[Dataset — start]
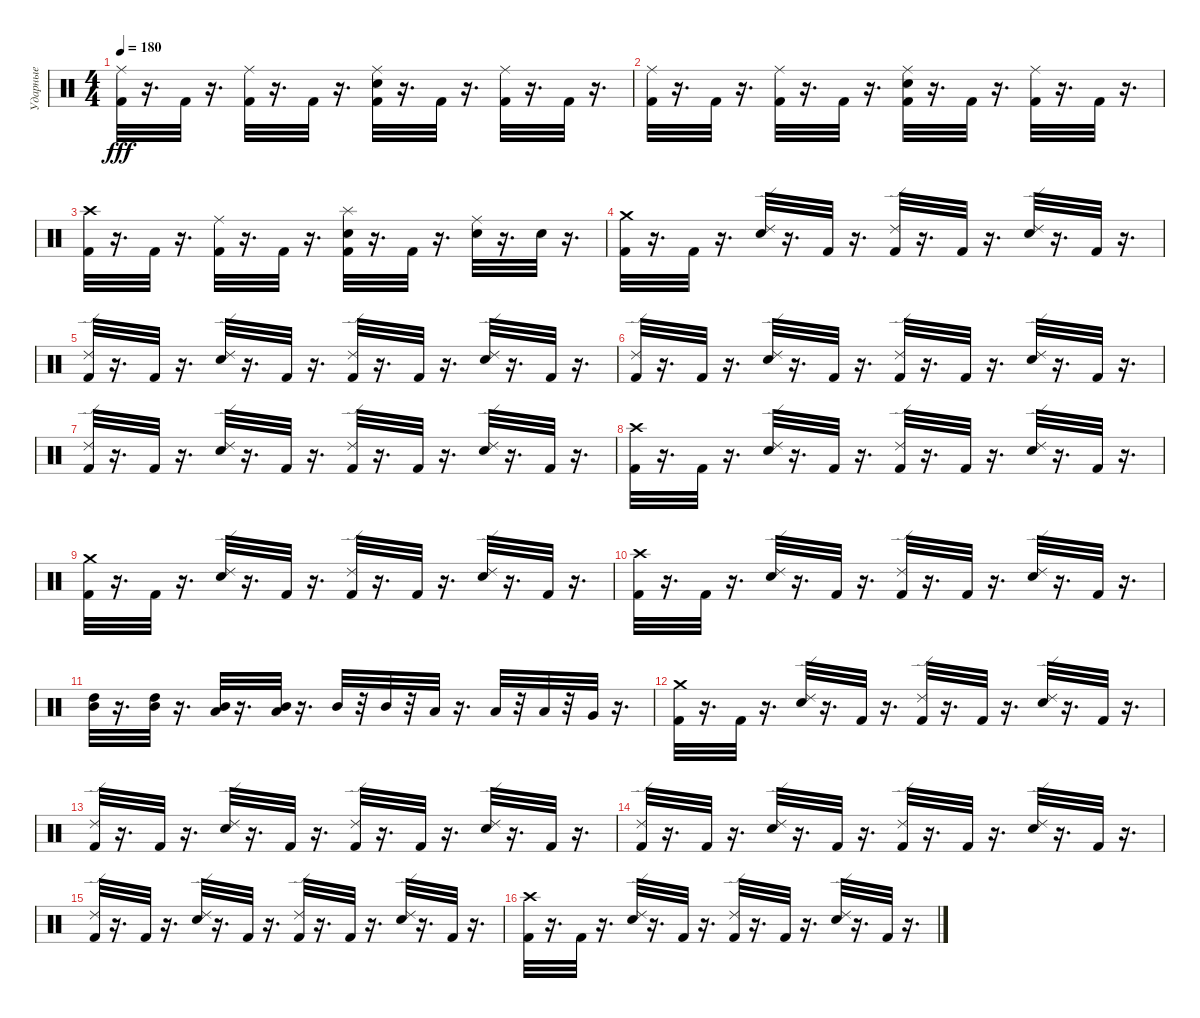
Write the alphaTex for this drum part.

\track ("Ударные" "Ударные") {instrument percussion}
\staff {score}
\articulation defaults
\ts (4 4)
\tempo 180
\clef neutral
\ks c
("Ride (middle)" "Kick (hit) 2").32{dy fff} r.16{d} "Kick (hit) 2".32 r.16{d} ("Kick (hit) 2" "Ride (middle)").32 r.16{d} "Kick (hit) 2".32 r.16{d} ("Kick (hit) 2" "Snare (hit) 2" "Ride (middle)").32 r.16{d} "Kick (hit) 2".32 r.16{d} ("Ride (middle)" "Kick (hit) 2").32 r.16{d} "Kick (hit) 2".32 r.16{d} |
("Kick (hit) 2" "Ride (middle)").32 r.16{d} "Kick (hit) 2".32 r.16{d} ("Ride (middle)" "Kick (hit) 2").32 r.16{d} "Kick (hit) 2".32 r.16{d} ("Kick (hit) 2" "Snare (hit) 2" "Ride (middle)").32 r.16{d} "Kick (hit) 2".32 r.16{d} ("Ride (middle)" "Kick (hit) 2").32 r.16{d} "Kick (hit) 2".32 r.16{d} |
("Crash high (hit)" "Kick (hit) 2").32 r.16{d} "Kick (hit) 2".32 r.16{d} ("Kick (hit) 2" "Ride (middle)").32 r.16{d} "Kick (hit) 2".32 r.16{d} ("Kick (hit) 2" "Splash (hit)" "Snare (hit) 2").32 r.16{d} "Kick (hit) 2".32 r.16{d} ("Snare (hit) 2" "Ride (middle)").32 r.16{d} "Snare (hit) 2".32 r.16{d} |
("Crash medium (hit)" "Kick (hit) 2").32 r.16{d} "Kick (hit) 2".32 r.16{d} ("Ride (edge) 2" "Snare (hit) 2").32 r.16{d} "Kick (hit) 2".32 r.16{d} ("Ride (edge) 2" "Kick (hit) 2").32 r.16{d} "Kick (hit) 2".32 r.16{d} ("Ride (edge) 2" "Snare (hit) 2").32 r.16{d} "Kick (hit) 2".32 r.16{d} |
("Kick (hit) 2" "Ride (edge) 2").32 r.16{d} "Kick (hit) 2".32 r.16{d} ("Ride (edge) 2" "Snare (hit) 2").32 r.16{d} "Kick (hit) 2".32 r.16{d} ("Kick (hit) 2" "Ride (edge) 2").32 r.16{d} "Kick (hit) 2".32 r.16{d} ("Ride (edge) 2" "Snare (hit) 2").32 r.16{d} "Kick (hit) 2".32 r.16{d} |
("Ride (edge) 2" "Kick (hit) 2").32 r.16{d} "Kick (hit) 2".32 r.16{d} ("Snare (hit) 2" "Ride (edge) 2").32 r.16{d} "Kick (hit) 2".32 r.16{d} ("Kick (hit) 2" "Ride (edge) 2").32 r.16{d} "Kick (hit) 2".32 r.16{d} ("Snare (hit) 2" "Ride (edge) 2").32 r.16{d} "Kick (hit) 2".32 r.16{d} |
("Kick (hit) 2" "Ride (edge) 2").32 r.16{d} "Kick (hit) 2".32 r.16{d} ("Ride (edge) 2" "Snare (hit) 2").32 r.16{d} "Kick (hit) 2".32 r.16{d} ("Kick (hit) 2" "Ride (edge) 2").32 r.16{d} "Kick (hit) 2".32 r.16{d} ("Ride (edge) 2" "Snare (hit) 2").32 r.16{d} "Kick (hit) 2".32 r.16{d} |
("Kick (hit) 2" "Crash high (hit)").32 r.16{d} "Kick (hit) 2".32 r.16{d} ("Snare (hit) 2" "Ride (edge) 2").32 r.16{d} "Kick (hit) 2".32 r.16{d} ("Ride (edge) 2" "Kick (hit) 2").32 r.16{d} "Kick (hit) 2".32 r.16{d} ("Ride (edge) 2" "Snare (hit) 2").32 r.16{d} "Kick (hit) 2".32 r.16{d} |
("Crash medium (hit)" "Kick (hit) 2").32 r.16{d} "Kick (hit) 2".32 r.16{d} ("Ride (edge) 2" "Snare (hit) 2").32 r.16{d} "Kick (hit) 2".32 r.16{d} ("Kick (hit) 2" "Ride (edge) 2").32 r.16{d} "Kick (hit) 2".32 r.16{d} ("Snare (hit) 2" "Ride (edge) 2").32 r.16{d} "Kick (hit) 2".32 r.16{d} |
("Crash high (hit)" "Kick (hit) 2").32 r.16{d} "Kick (hit) 2".32 r.16{d} ("Ride (edge) 2" "Snare (hit) 2").32 r.16{d} "Kick (hit) 2".32 r.16{d} ("Ride (edge) 2" "Kick (hit) 2").32 r.16{d} "Kick (hit) 2".32 r.16{d} ("Snare (hit) 2" "Ride (edge) 2").32 r.16{d} "Kick (hit) 2".32 r.16{d} |
("Mid Tom (hit)" "High Tom (hit)").32 r.16{d} ("High Tom (hit)" "Mid Tom (hit)").32 r.16{d} ("Mid Tom (hit)" "Low Tom (hit)").32 r.16{d} ("Low Tom (hit)" "Mid Tom (hit)").32 r.16{d} "Mid Tom (hit)".32 r.32 "Mid Tom (hit)".32 r.32 "Low Tom (hit)".32 r.16{d} "Low Tom (hit)".32 r.32 "Low Tom (hit)".32 r.32 "Very Low Tom (hit)".32 r.16{d} |
("Kick (hit) 2" "Crash medium (hit)").32 r.16{d} "Kick (hit) 2".32 r.16{d} ("Snare (hit) 2" "Ride (edge) 2").32 r.16{d} "Kick (hit) 2".32 r.16{d} ("Ride (edge) 2" "Kick (hit) 2").32 r.16{d} "Kick (hit) 2".32 r.16{d} ("Snare (hit) 2" "Ride (edge) 2").32 r.16{d} "Kick (hit) 2".32 r.16{d} |
("Kick (hit) 2" "Ride (edge) 2").32 r.16{d} "Kick (hit) 2".32 r.16{d} ("Ride (edge) 2" "Snare (hit) 2").32 r.16{d} "Kick (hit) 2".32 r.16{d} ("Kick (hit) 2" "Ride (edge) 2").32 r.16{d} "Kick (hit) 2".32 r.16{d} ("Snare (hit) 2" "Ride (edge) 2").32 r.16{d} "Kick (hit) 2".32 r.16{d} |
("Kick (hit) 2" "Ride (edge) 2").32 r.16{d} "Kick (hit) 2".32 r.16{d} ("Ride (edge) 2" "Snare (hit) 2").32 r.16{d} "Kick (hit) 2".32 r.16{d} ("Ride (edge) 2" "Kick (hit) 2").32 r.16{d} "Kick (hit) 2".32 r.16{d} ("Ride (edge) 2" "Snare (hit) 2").32 r.16{d} "Kick (hit) 2".32 r.16{d} |
("Ride (edge) 2" "Kick (hit) 2").32 r.16{d} "Kick (hit) 2".32 r.16{d} ("Ride (edge) 2" "Snare (hit) 2").32 r.16{d} "Kick (hit) 2".32 r.16{d} ("Kick (hit) 2" "Ride (edge) 2").32 r.16{d} "Kick (hit) 2".32 r.16{d} ("Snare (hit) 2" "Ride (edge) 2").32 r.16{d} "Kick (hit) 2".32 r.16{d} |
("Kick (hit) 2" "Crash high (hit)").32 r.16{d} "Kick (hit) 2".32 r.16{d} ("Ride (edge) 2" "Snare (hit) 2").32 r.16{d} "Kick (hit) 2".32 r.16{d} ("Ride (edge) 2" "Kick (hit) 2").32 r.16{d} "Kick (hit) 2".32 r.16{d} ("Snare (hit) 2" "Ride (edge) 2").32 r.16{d} "Kick (hit) 2".32 r.16{d}
[Dataset — finish]
● Task: Give an exact copy of the entries, excluding all pictures.

● Response area:
Write the alphaTex for this drum part.

\track ("Ударные" "Ударные") {instrument percussion}
\staff {score}
\articulation defaults
\ts (4 4)
\tempo 180
\clef neutral
\ks c
("Ride (middle)" "Kick (hit) 2").32{dy fff} r.16{d} "Kick (hit) 2".32 r.16{d} ("Kick (hit) 2" "Ride (middle)").32 r.16{d} "Kick (hit) 2".32 r.16{d} ("Kick (hit) 2" "Snare (hit) 2" "Ride (middle)").32 r.16{d} "Kick (hit) 2".32 r.16{d} ("Ride (middle)" "Kick (hit) 2").32 r.16{d} "Kick (hit) 2".32 r.16{d} |
("Kick (hit) 2" "Ride (middle)").32 r.16{d} "Kick (hit) 2".32 r.16{d} ("Ride (middle)" "Kick (hit) 2").32 r.16{d} "Kick (hit) 2".32 r.16{d} ("Kick (hit) 2" "Snare (hit) 2" "Ride (middle)").32 r.16{d} "Kick (hit) 2".32 r.16{d} ("Ride (middle)" "Kick (hit) 2").32 r.16{d} "Kick (hit) 2".32 r.16{d} |
("Crash high (hit)" "Kick (hit) 2").32 r.16{d} "Kick (hit) 2".32 r.16{d} ("Kick (hit) 2" "Ride (middle)").32 r.16{d} "Kick (hit) 2".32 r.16{d} ("Kick (hit) 2" "Splash (hit)" "Snare (hit) 2").32 r.16{d} "Kick (hit) 2".32 r.16{d} ("Snare (hit) 2" "Ride (middle)").32 r.16{d} "Snare (hit) 2".32 r.16{d} |
("Crash medium (hit)" "Kick (hit) 2").32 r.16{d} "Kick (hit) 2".32 r.16{d} ("Ride (edge) 2" "Snare (hit) 2").32 r.16{d} "Kick (hit) 2".32 r.16{d} ("Ride (edge) 2" "Kick (hit) 2").32 r.16{d} "Kick (hit) 2".32 r.16{d} ("Ride (edge) 2" "Snare (hit) 2").32 r.16{d} "Kick (hit) 2".32 r.16{d} |
("Kick (hit) 2" "Ride (edge) 2").32 r.16{d} "Kick (hit) 2".32 r.16{d} ("Ride (edge) 2" "Snare (hit) 2").32 r.16{d} "Kick (hit) 2".32 r.16{d} ("Kick (hit) 2" "Ride (edge) 2").32 r.16{d} "Kick (hit) 2".32 r.16{d} ("Ride (edge) 2" "Snare (hit) 2").32 r.16{d} "Kick (hit) 2".32 r.16{d} |
("Ride (edge) 2" "Kick (hit) 2").32 r.16{d} "Kick (hit) 2".32 r.16{d} ("Snare (hit) 2" "Ride (edge) 2").32 r.16{d} "Kick (hit) 2".32 r.16{d} ("Kick (hit) 2" "Ride (edge) 2").32 r.16{d} "Kick (hit) 2".32 r.16{d} ("Snare (hit) 2" "Ride (edge) 2").32 r.16{d} "Kick (hit) 2".32 r.16{d} |
("Kick (hit) 2" "Ride (edge) 2").32 r.16{d} "Kick (hit) 2".32 r.16{d} ("Ride (edge) 2" "Snare (hit) 2").32 r.16{d} "Kick (hit) 2".32 r.16{d} ("Kick (hit) 2" "Ride (edge) 2").32 r.16{d} "Kick (hit) 2".32 r.16{d} ("Ride (edge) 2" "Snare (hit) 2").32 r.16{d} "Kick (hit) 2".32 r.16{d} |
("Kick (hit) 2" "Crash high (hit)").32 r.16{d} "Kick (hit) 2".32 r.16{d} ("Snare (hit) 2" "Ride (edge) 2").32 r.16{d} "Kick (hit) 2".32 r.16{d} ("Ride (edge) 2" "Kick (hit) 2").32 r.16{d} "Kick (hit) 2".32 r.16{d} ("Ride (edge) 2" "Snare (hit) 2").32 r.16{d} "Kick (hit) 2".32 r.16{d} |
("Crash medium (hit)" "Kick (hit) 2").32 r.16{d} "Kick (hit) 2".32 r.16{d} ("Ride (edge) 2" "Snare (hit) 2").32 r.16{d} "Kick (hit) 2".32 r.16{d} ("Kick (hit) 2" "Ride (edge) 2").32 r.16{d} "Kick (hit) 2".32 r.16{d} ("Snare (hit) 2" "Ride (edge) 2").32 r.16{d} "Kick (hit) 2".32 r.16{d} |
("Crash high (hit)" "Kick (hit) 2").32 r.16{d} "Kick (hit) 2".32 r.16{d} ("Ride (edge) 2" "Snare (hit) 2").32 r.16{d} "Kick (hit) 2".32 r.16{d} ("Ride (edge) 2" "Kick (hit) 2").32 r.16{d} "Kick (hit) 2".32 r.16{d} ("Snare (hit) 2" "Ride (edge) 2").32 r.16{d} "Kick (hit) 2".32 r.16{d} |
("Mid Tom (hit)" "High Tom (hit)").32 r.16{d} ("High Tom (hit)" "Mid Tom (hit)").32 r.16{d} ("Mid Tom (hit)" "Low Tom (hit)").32 r.16{d} ("Low Tom (hit)" "Mid Tom (hit)").32 r.16{d} "Mid Tom (hit)".32 r.32 "Mid Tom (hit)".32 r.32 "Low Tom (hit)".32 r.16{d} "Low Tom (hit)".32 r.32 "Low Tom (hit)".32 r.32 "Very Low Tom (hit)".32 r.16{d} |
("Kick (hit) 2" "Crash medium (hit)").32 r.16{d} "Kick (hit) 2".32 r.16{d} ("Snare (hit) 2" "Ride (edge) 2").32 r.16{d} "Kick (hit) 2".32 r.16{d} ("Ride (edge) 2" "Kick (hit) 2").32 r.16{d} "Kick (hit) 2".32 r.16{d} ("Snare (hit) 2" "Ride (edge) 2").32 r.16{d} "Kick (hit) 2".32 r.16{d} |
("Kick (hit) 2" "Ride (edge) 2").32 r.16{d} "Kick (hit) 2".32 r.16{d} ("Ride (edge) 2" "Snare (hit) 2").32 r.16{d} "Kick (hit) 2".32 r.16{d} ("Kick (hit) 2" "Ride (edge) 2").32 r.16{d} "Kick (hit) 2".32 r.16{d} ("Snare (hit) 2" "Ride (edge) 2").32 r.16{d} "Kick (hit) 2".32 r.16{d} |
("Kick (hit) 2" "Ride (edge) 2").32 r.16{d} "Kick (hit) 2".32 r.16{d} ("Ride (edge) 2" "Snare (hit) 2").32 r.16{d} "Kick (hit) 2".32 r.16{d} ("Ride (edge) 2" "Kick (hit) 2").32 r.16{d} "Kick (hit) 2".32 r.16{d} ("Ride (edge) 2" "Snare (hit) 2").32 r.16{d} "Kick (hit) 2".32 r.16{d} |
("Ride (edge) 2" "Kick (hit) 2").32 r.16{d} "Kick (hit) 2".32 r.16{d} ("Ride (edge) 2" "Snare (hit) 2").32 r.16{d} "Kick (hit) 2".32 r.16{d} ("Kick (hit) 2" "Ride (edge) 2").32 r.16{d} "Kick (hit) 2".32 r.16{d} ("Snare (hit) 2" "Ride (edge) 2").32 r.16{d} "Kick (hit) 2".32 r.16{d} |
("Kick (hit) 2" "Crash high (hit)").32 r.16{d} "Kick (hit) 2".32 r.16{d} ("Ride (edge) 2" "Snare (hit) 2").32 r.16{d} "Kick (hit) 2".32 r.16{d} ("Ride (edge) 2" "Kick (hit) 2").32 r.16{d} "Kick (hit) 2".32 r.16{d} ("Snare (hit) 2" "Ride (edge) 2").32 r.16{d} "Kick (hit) 2".32 r.16{d}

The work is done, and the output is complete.